## REQUIREMENT:
Copy out the lines of the records below, and only those lines, from the one with "Answer: 4 Is" through the one with "Answer: 30 to 35", exactly as they appear.

(DATA SUPPLIED Opens)

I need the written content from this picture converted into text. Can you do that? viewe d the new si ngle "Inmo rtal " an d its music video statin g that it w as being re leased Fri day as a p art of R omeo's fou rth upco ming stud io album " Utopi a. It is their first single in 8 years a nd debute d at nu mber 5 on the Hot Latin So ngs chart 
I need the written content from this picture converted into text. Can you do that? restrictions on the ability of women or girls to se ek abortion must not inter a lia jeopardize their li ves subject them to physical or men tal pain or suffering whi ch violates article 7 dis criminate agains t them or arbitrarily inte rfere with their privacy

(DATA SUPPLIED Closes)
(DATA SUPPLIED Opens)

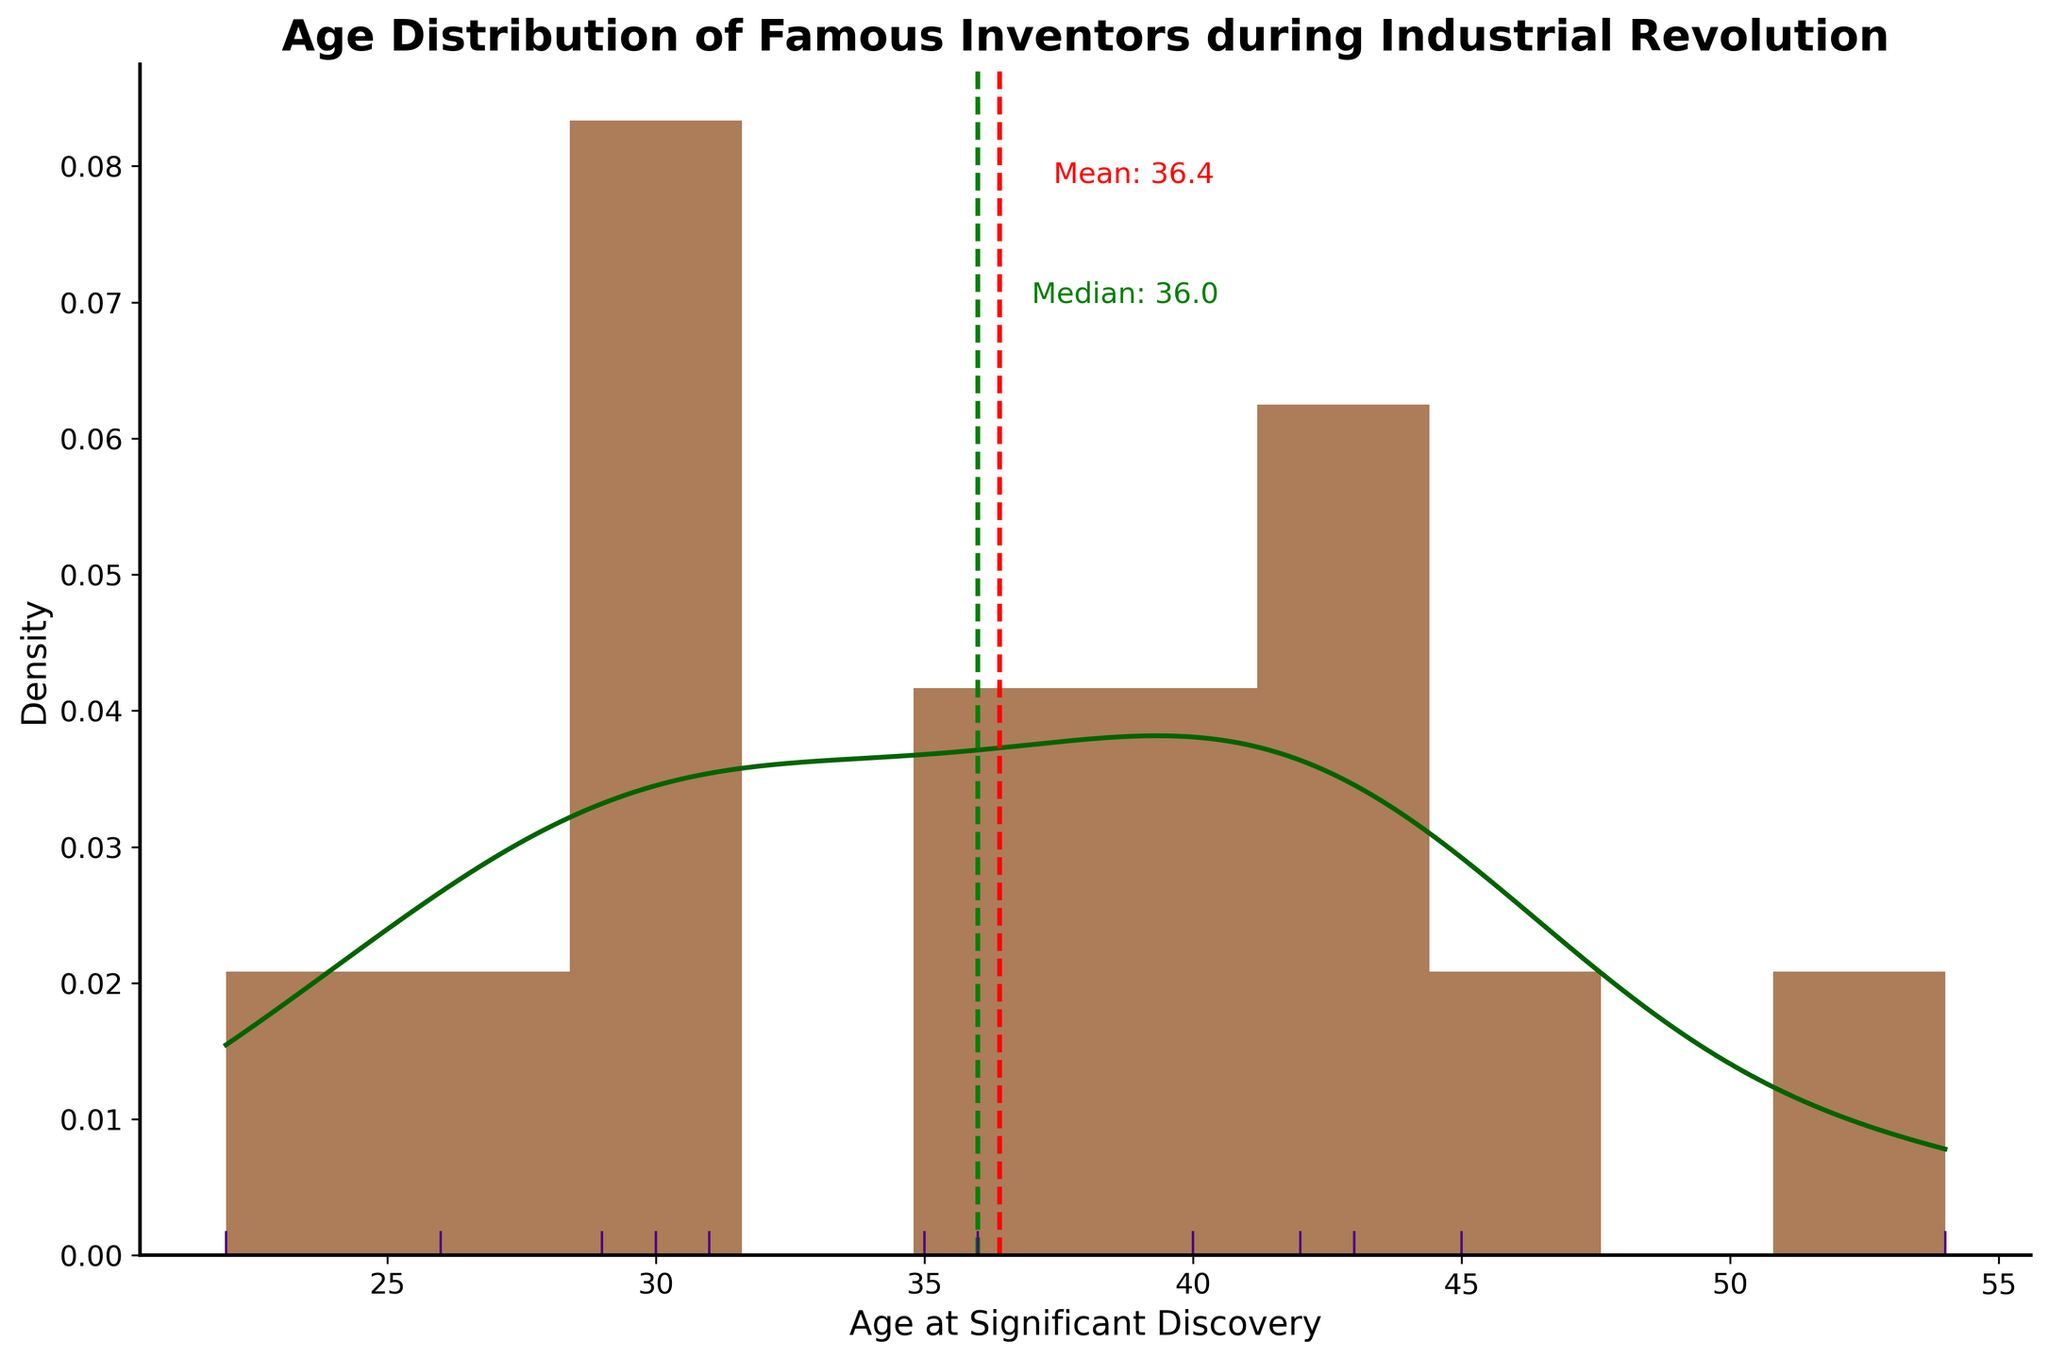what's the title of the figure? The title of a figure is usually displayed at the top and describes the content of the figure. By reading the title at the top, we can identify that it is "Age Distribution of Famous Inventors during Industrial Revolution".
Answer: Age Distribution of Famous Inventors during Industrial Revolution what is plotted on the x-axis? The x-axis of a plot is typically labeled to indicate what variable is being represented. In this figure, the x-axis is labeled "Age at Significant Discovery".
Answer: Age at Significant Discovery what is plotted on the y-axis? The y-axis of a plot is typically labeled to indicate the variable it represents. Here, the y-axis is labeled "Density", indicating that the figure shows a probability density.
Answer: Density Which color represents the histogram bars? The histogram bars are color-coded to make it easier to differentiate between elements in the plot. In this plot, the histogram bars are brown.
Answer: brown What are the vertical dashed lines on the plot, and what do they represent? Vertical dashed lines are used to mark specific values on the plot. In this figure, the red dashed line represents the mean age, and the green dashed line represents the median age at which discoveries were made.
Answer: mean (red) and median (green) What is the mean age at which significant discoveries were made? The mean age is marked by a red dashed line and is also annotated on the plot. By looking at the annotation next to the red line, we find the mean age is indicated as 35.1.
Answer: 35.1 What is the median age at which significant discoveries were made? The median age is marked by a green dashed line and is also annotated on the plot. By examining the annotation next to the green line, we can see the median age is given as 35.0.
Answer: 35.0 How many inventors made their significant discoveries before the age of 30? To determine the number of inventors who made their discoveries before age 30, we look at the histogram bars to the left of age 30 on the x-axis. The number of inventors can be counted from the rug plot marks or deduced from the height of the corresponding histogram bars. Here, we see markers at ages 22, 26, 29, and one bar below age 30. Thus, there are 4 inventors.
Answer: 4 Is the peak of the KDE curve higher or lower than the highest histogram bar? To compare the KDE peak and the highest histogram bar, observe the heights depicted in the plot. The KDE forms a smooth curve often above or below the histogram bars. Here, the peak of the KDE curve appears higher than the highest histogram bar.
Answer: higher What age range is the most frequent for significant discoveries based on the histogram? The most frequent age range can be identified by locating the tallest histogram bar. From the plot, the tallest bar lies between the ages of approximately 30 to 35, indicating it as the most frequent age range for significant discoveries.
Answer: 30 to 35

(DATA SUPPLIED Closes)

## REPLY:
Answer: 4 Is the peak of the KDE curve higher or lower than the highest histogram bar? To compare the KDE peak and the highest histogram bar, observe the heights depicted in the plot. The KDE forms a smooth curve often above or below the histogram bars. Here, the peak of the KDE curve appears higher than the highest histogram bar.
Answer: higher What age range is the most frequent for significant discoveries based on the histogram? The most frequent age range can be identified by locating the tallest histogram bar. From the plot, the tallest bar lies between the ages of approximately 30 to 35, indicating it as the most frequent age range for significant discoveries.
Answer: 30 to 35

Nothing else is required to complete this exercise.